Practical Implications
- Improved State Tracking: PaTH's data-dependent nature makes it more suitable for tasks requiring tracking of state or entities over long sequences (e.g., coding, narrative understanding).
- Enhanced Length Extrapolation: PaTH, especially PaTH-FoX, demonstrates significantly better generalization to sequence lengths beyond the training context window compared to RoPE.
- Hardware Efficiency: The proposed blockwise algorithm allows PaTH to be trained and run with efficiency comparable to standard attention mechanisms, making it a practical alternative.

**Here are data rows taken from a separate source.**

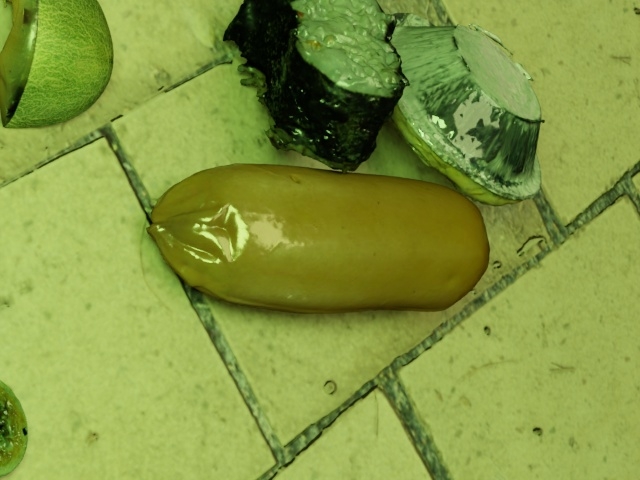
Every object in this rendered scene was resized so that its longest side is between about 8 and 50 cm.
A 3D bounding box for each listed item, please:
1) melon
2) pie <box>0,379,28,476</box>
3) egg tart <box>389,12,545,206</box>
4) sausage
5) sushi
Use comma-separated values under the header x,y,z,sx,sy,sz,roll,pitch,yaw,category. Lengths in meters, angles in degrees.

- Compatibility: PaTH's design is compatible with context-parallelism techniques for distributed training (e.g., Ring Attention) by passing transformed keys, values, and local Householder product matrices between devices.
In summary, PaTH offers a more expressive and data-aware approach to position encoding in transformers. Its strong empirical performance, particularly on state-tracking and long-context tasks, coupled with an efficient implementation strategy, makes it a promising advancement for LLMs.